### [Task statement]
The output should be every line below that includes the word "harmonic".

▼

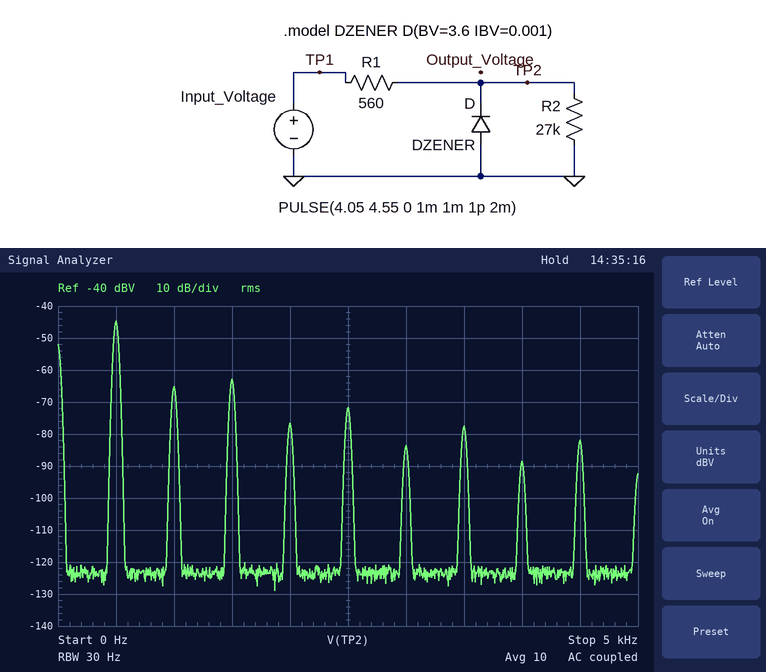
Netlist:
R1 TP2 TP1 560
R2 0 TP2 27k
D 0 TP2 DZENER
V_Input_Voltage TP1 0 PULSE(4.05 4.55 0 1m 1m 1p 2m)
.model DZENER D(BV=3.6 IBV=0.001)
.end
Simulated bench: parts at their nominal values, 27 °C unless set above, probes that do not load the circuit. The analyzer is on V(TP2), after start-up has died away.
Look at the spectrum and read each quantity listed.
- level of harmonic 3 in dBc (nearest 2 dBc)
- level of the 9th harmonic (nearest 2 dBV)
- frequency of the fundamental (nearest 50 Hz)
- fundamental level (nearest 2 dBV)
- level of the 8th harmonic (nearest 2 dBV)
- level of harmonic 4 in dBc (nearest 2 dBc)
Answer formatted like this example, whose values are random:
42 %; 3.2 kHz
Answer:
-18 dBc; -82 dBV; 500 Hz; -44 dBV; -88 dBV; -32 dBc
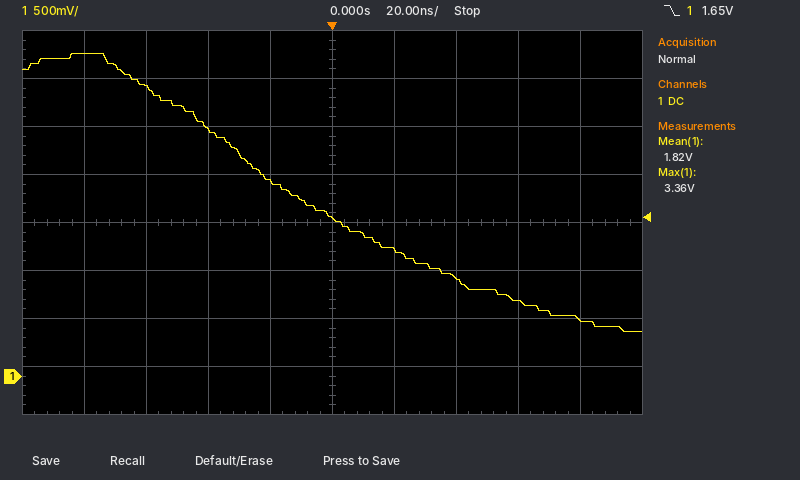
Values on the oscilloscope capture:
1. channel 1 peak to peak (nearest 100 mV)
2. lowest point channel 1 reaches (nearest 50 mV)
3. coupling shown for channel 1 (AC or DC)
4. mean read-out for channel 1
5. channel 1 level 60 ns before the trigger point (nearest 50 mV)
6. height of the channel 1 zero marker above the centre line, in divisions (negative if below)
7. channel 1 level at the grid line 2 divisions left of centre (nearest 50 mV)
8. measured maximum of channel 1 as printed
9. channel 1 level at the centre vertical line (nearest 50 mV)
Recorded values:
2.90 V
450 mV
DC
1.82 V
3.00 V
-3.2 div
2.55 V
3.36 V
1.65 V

▲

### [Task output]
- level of harmonic 3 in dBc (nearest 2 dBc)
- level of the 9th harmonic (nearest 2 dBV)
- level of the 8th harmonic (nearest 2 dBV)
- level of harmonic 4 in dBc (nearest 2 dBc)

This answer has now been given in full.